滋子についてみなさんがお聞きになりたいのは、きっと彼女のヘアスタイルではないでしょうか。
「なぜ、滋子は癖毛なの?」という(笑)。
平安美人といえば、やはり豊かな黒髪のストレートヘアをみなさんは思い浮かべると思います。絵巻物など当時の資料を見るかぎり、上級貴族の間では、ストレートヘアが美の基準だったようです。ではなぜ、滋子を貴族の間で一般的に美しいとされるストレートヘアではなく、癖毛にしたのか?
そこには、後白河の存在があります。
滋子は美人で、気の利く女性で、酒豪であったことでも知られていますが、人物デザインする上で最も重要だったのは、ゆくゆく後白河上皇に入御(にゅうぎょ=嫁ぐ)するということです。つまり滋子は、一般的な人たちの見方や価値観とは違うものをもっていた後白河に気に入られる女性でなくてはならないのです。そういう意味では、
滋子の人物デザインは逆算表現です。
では、後白河に気に入られる女性とはどんな女性か?
それはきっと、宮中に流布されている美の基準から少し外れる女性ではないかと考え、滋子にあえて癖毛という設定をしました。当時の上級貴族たちの美の基準を超えたところに、後白河の美の基準はあったと思う。女だてらに酒豪、でもとても才気があり、気の利く女性。そういう人としての内面に後白河はひかれるはずだということも含め、当時では一般的ではない美しさを滋子では表現しました。
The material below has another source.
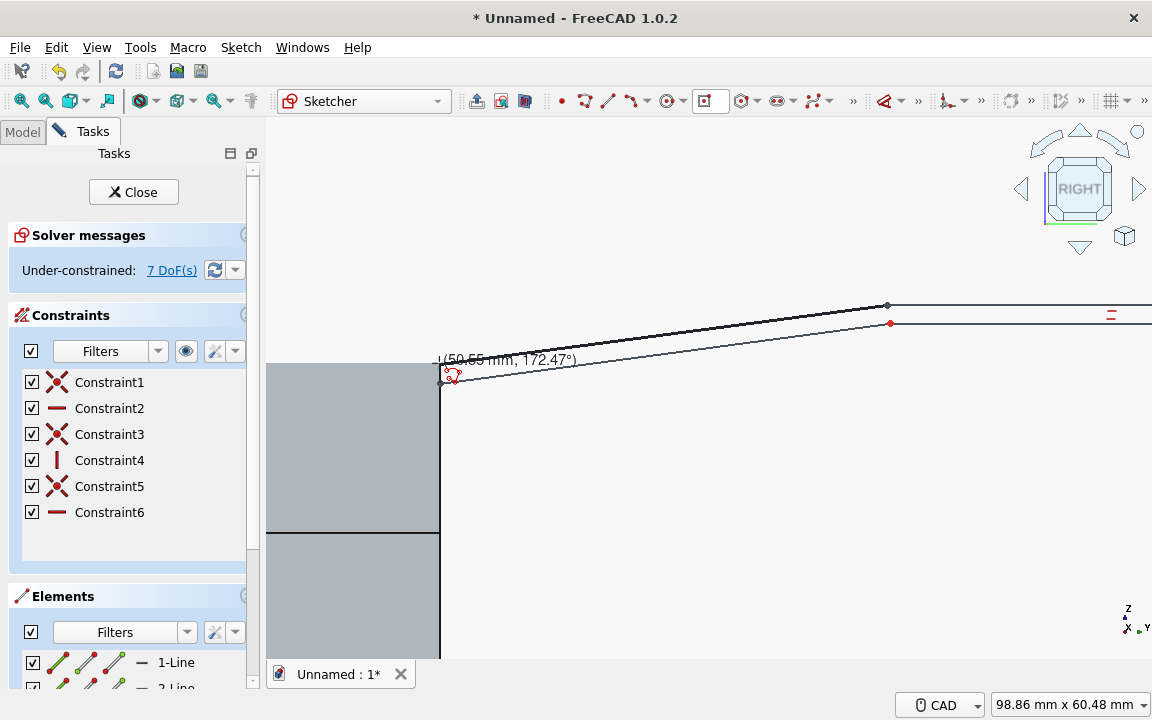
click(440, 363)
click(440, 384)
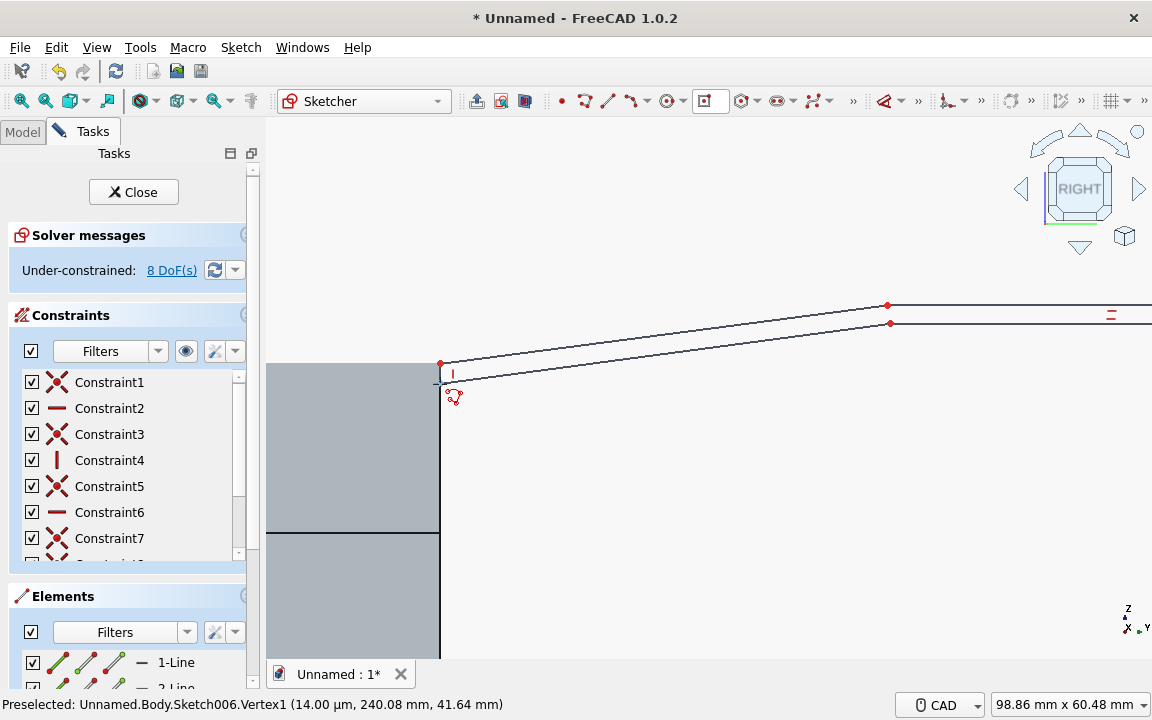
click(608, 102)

癖毛の女性は、視聴者の方々が思い浮かべる平安美人ではないかもしれませんが、ぼくは美しいと思います。平安時代の美学や美意識とは違うかもしれませんが、美しいと思っています。
衣装的には、パキッとした印象ですよね。それは、補色関係の色使いを採用しているからです。特に黄色と青色にこだわっているわけではなく、色彩的に補色の関係を利用することで発光度を上げています。
遠くから見ても発色のいい人、アクティブな印象を与える女性にしたかったんです。
そこにはやはり後白河的な感覚もあります。
何着も、何着も組み合わせて、この補色の表現に至ったのですが、成海さんにもとてもお似合いですよね。